Scientists / Biology & Medicine

グレゴール・ヨハン・メンデル
CZ 1822-07-20 ~ 1884-01-06
Nineteenth-century Augustinian friar and biologist from the Austrian Empire
Discovered the three laws of heredity through systematic pea-plant experiments
Ignored in life, rediscovered after death, his work became the bedrock of modern genetics
Augustinian friar born in 1822 who discovered heredity's laws through pea-plant experiments. Ignored in life, his work was rediscovered in 1900 as the foundation of genetics.
What You Can Learn
Mendel's story illustrates the long-term value of basic research: work ignored in its time can later reshape entire industries, a lesson for R&D budgets tempted to cut projects lacking immediate payoff. His 29,000-plant dataset is a precursor of modern A/B testing: statistically rigorous samples yield robust conclusions.

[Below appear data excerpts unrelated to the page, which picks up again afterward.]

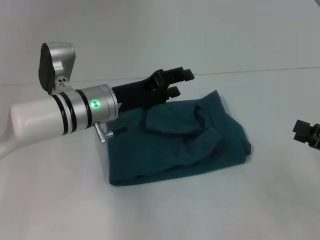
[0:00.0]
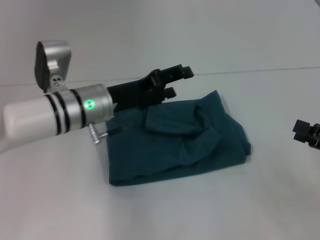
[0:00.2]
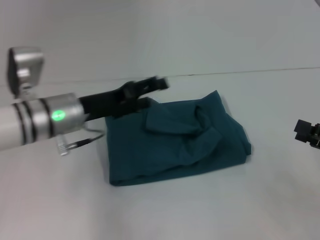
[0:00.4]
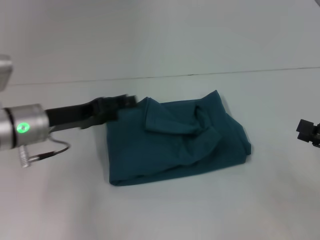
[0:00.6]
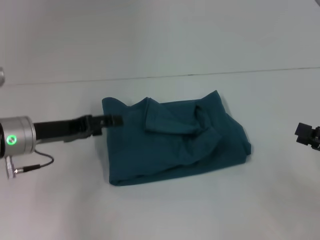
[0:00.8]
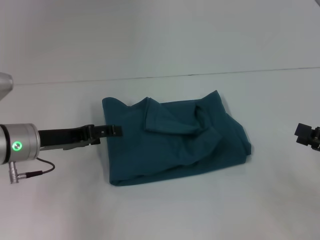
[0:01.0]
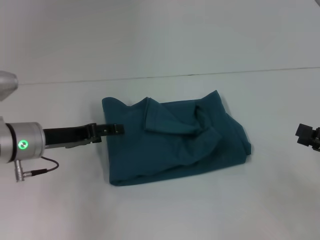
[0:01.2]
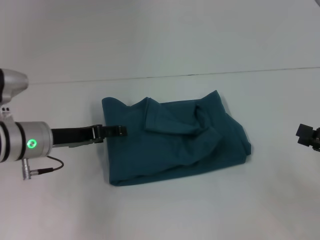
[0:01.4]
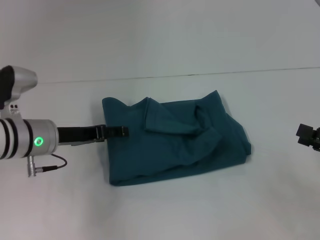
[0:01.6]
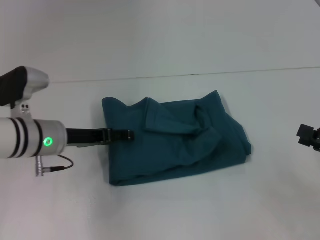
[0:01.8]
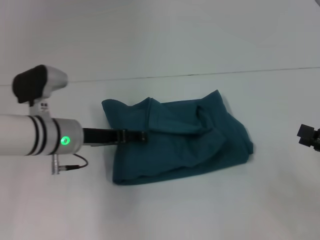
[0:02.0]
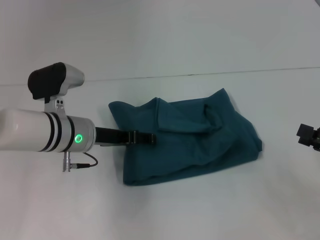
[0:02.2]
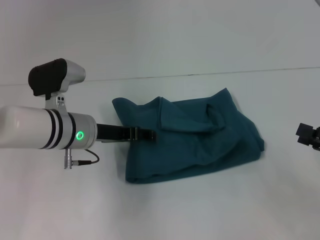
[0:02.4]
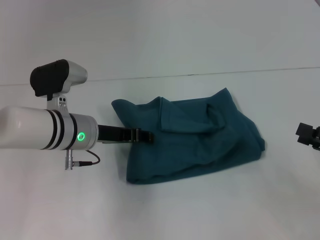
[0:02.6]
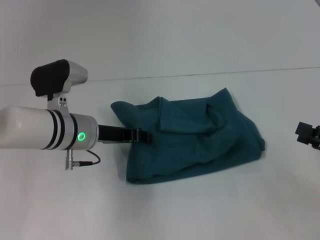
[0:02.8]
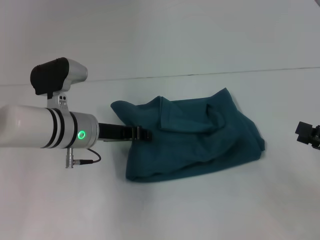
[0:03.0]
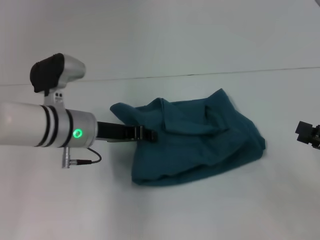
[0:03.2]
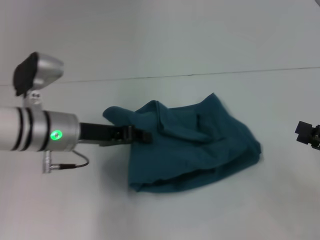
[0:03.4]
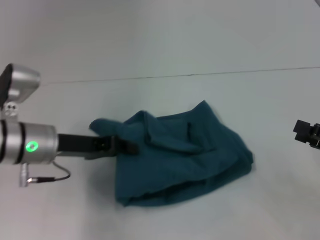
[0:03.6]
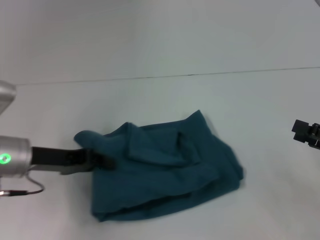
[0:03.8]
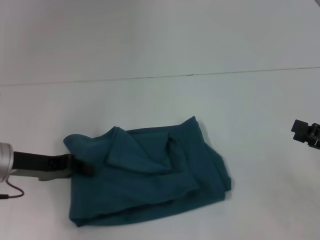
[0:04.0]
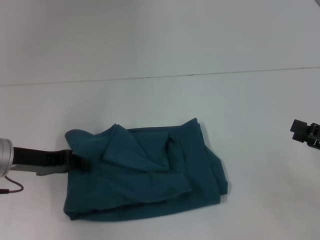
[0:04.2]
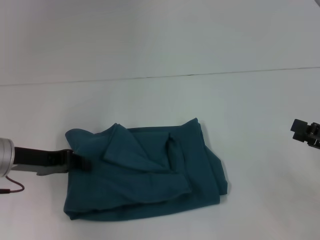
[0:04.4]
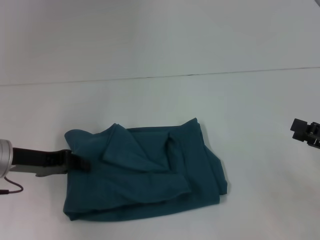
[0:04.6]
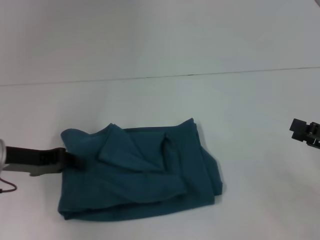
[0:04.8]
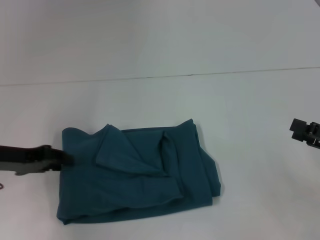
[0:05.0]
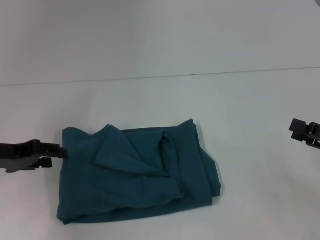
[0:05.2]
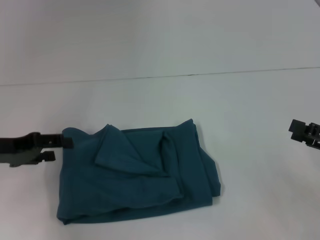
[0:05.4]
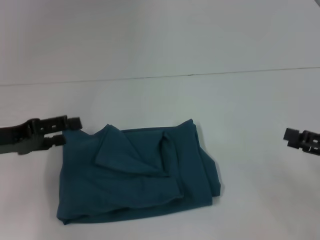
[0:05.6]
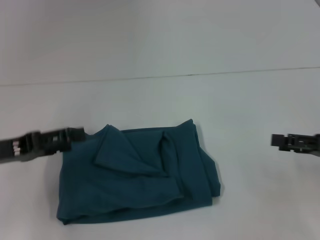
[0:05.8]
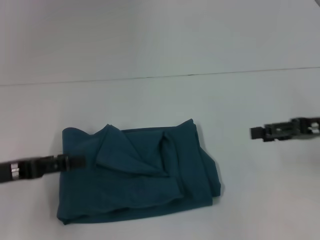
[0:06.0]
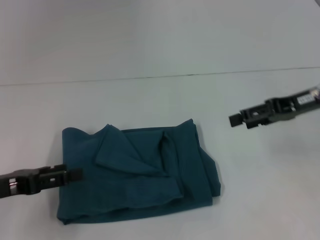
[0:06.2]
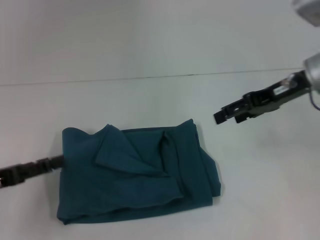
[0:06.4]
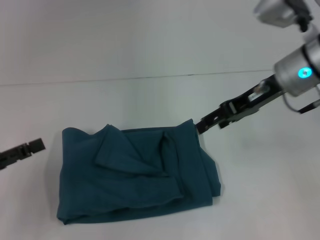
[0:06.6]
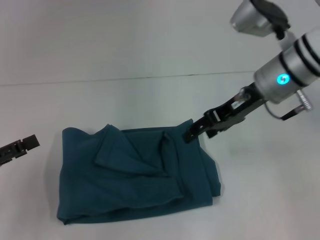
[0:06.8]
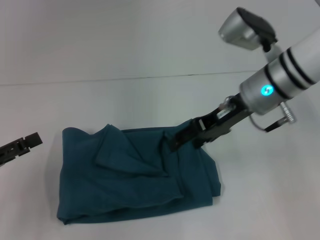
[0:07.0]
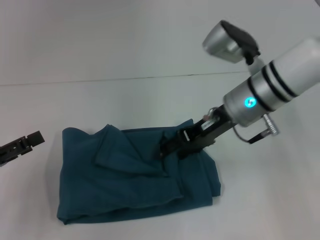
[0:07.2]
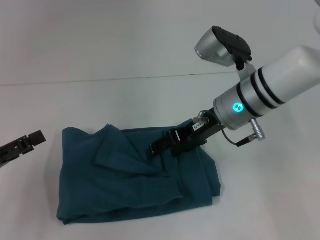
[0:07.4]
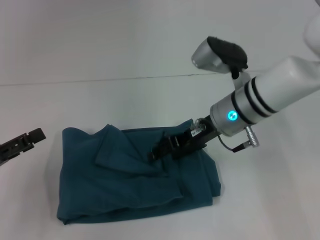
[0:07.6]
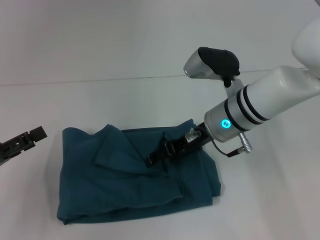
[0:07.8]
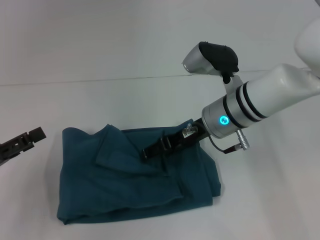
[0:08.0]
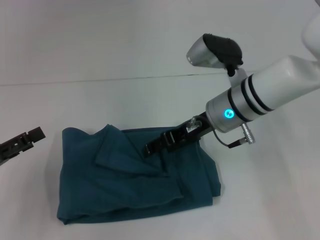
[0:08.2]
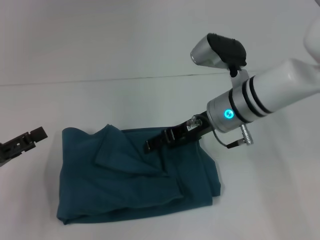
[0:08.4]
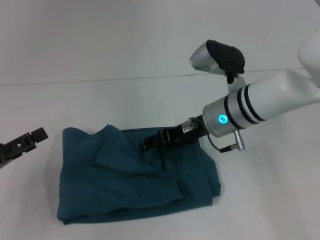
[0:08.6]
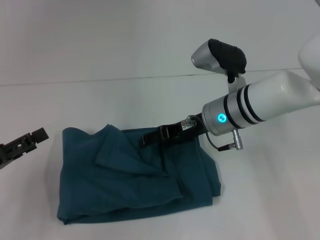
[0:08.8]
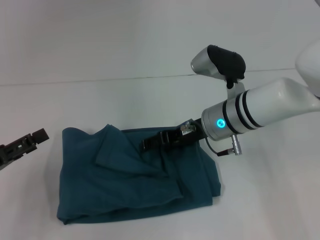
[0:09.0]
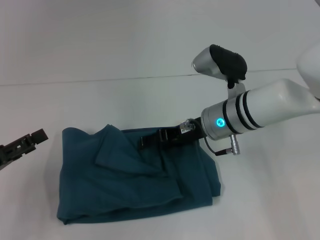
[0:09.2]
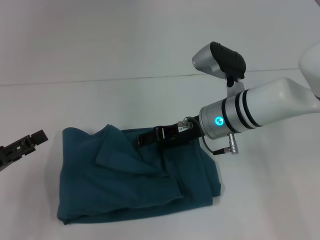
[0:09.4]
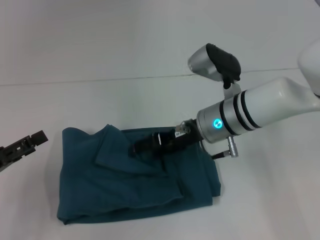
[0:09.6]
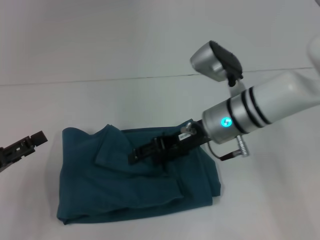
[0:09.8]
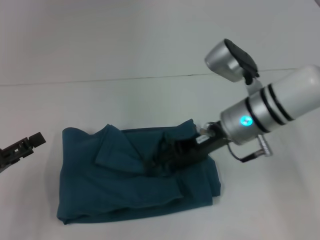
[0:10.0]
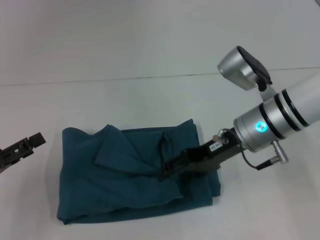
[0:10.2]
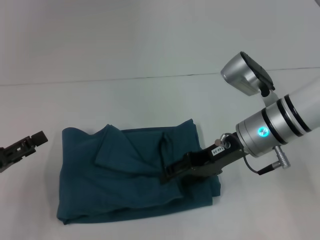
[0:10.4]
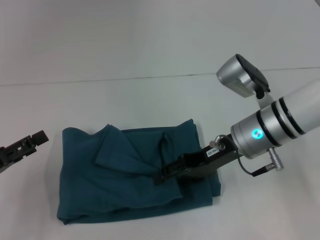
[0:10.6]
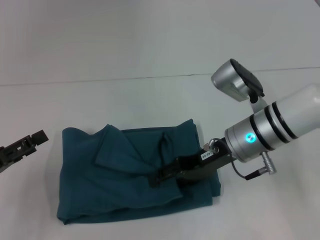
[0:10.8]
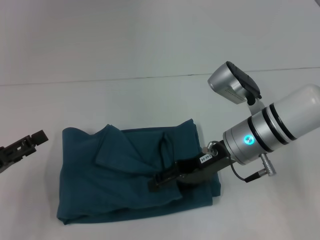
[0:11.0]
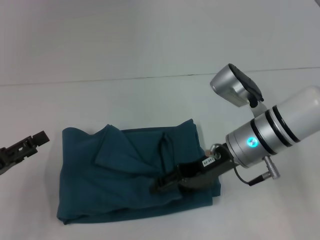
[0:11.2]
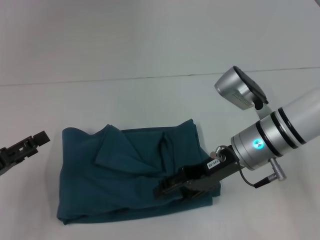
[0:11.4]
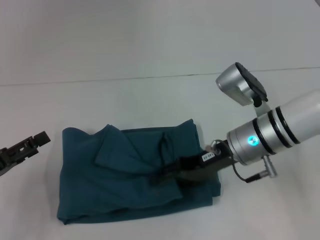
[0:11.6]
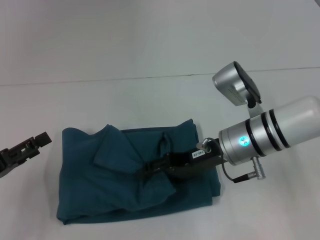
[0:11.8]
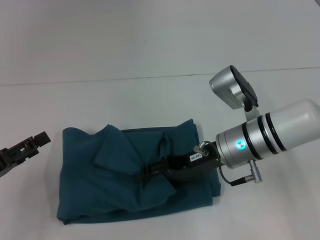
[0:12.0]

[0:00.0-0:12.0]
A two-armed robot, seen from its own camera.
0:00.0 to 0:01.6: The left gripper heads to the left, covering about 10 cm, and opens its fingers.
0:01.6 to 0:03.0: The left gripper is displaced to the right by about 5 cm, and closes.
0:03.0 to 0:04.4: The left gripper is displaced to the left by about 10 cm.
0:04.4 to 0:06.0: The right gripper is displaced forward and upward by about 10 cm; the left gripper shifts roughly 5 cm backward, and opens up.
0:06.0 to 0:07.6: The right gripper goes approximately 20 cm to the left.
0:07.6 to 0:09.0: The grippers make only small movements.
0:09.0 to 0:10.4: The right gripper changes place by some 5 cm.
0:10.4 to 0:12.0: The grippers move only a little.

And his fusion of mathematics with biology anticipates breakthroughs that arise when methods from one field enter another.
Words That Resonate
My time will surely come.
Meine Zeit wird schon kommen.
The value and utility of any experiment are determined by the fitness of the material to the purpose for which it is used.
The experiments proceed slowly. At first a certain amount of patience was needed, but I soon found that matters went better when I carried on several experiments simultaneously.
Life & Legacy
Gregor Mendel derived the mathematical laws governing heredity from methodical pea-plant experiments in a monastery garden. His discovery was virtually ignored during his lifetime, but when three botanists independently rediscovered his work in 1900, it launched the science of genetics and ultimately merged with Darwin's evolution theory to form the Modern Synthesis.
Born in 1822 in a Moravian farming village, Mendel entered the Augustinian monastery at Brno in 1843, gaining access to a scholarly community of philosophers, mathematicians, and botanists. After failing a teaching-certification exam, he studied physics under Christian Doppler and botany under Franz Unger at the University of Vienna. Doppler's emphasis on experimental and mathematical method directly shaped his later research design.
From 1856 to 1863 Mendel cultivated roughly 29,000 pea plants, crossing them for seven contrasting traits such as seed shape, seed color, and flower color. He recorded trait ratios with statistical precision rare in biology, discovering a consistent 3:1 dominant-to-recessive ratio.
From these results he inferred three laws: dominance, segregation, and independent assortment. Together they established that heredity is transmitted not by blending but by discrete particles, the concept later identified as genes.
His 1865 presentation and 1866 publication drew almost no response. The biological community, committed to blending inheritance, could not absorb a statistical model of discrete factors. In 1868 Mendel became abbot and was consumed by administrative duties. He died of kidney disease in 1884 with his scientific contribution largely unknown.
In 1900 de Vries, Correns, and Tschermak independently confirmed his laws, and his foresight was finally recognized. Everything from DNA to genome editing rests on principles Mendel uncovered in a monastery garden.
Expert Perspective
Among scientists, Mendel is the founder of genetics. Against the prevailing blending-inheritance model, he demonstrated discrete particulate heredity through experimental evidence, a paradigm shift of the first order. His introduction of statistical methods into biology pioneered biostatistics and computational biology. That his work was ignored for thirty-five years is a cautionary tale about how contemporary paradigms can blind a field to fundamental insight.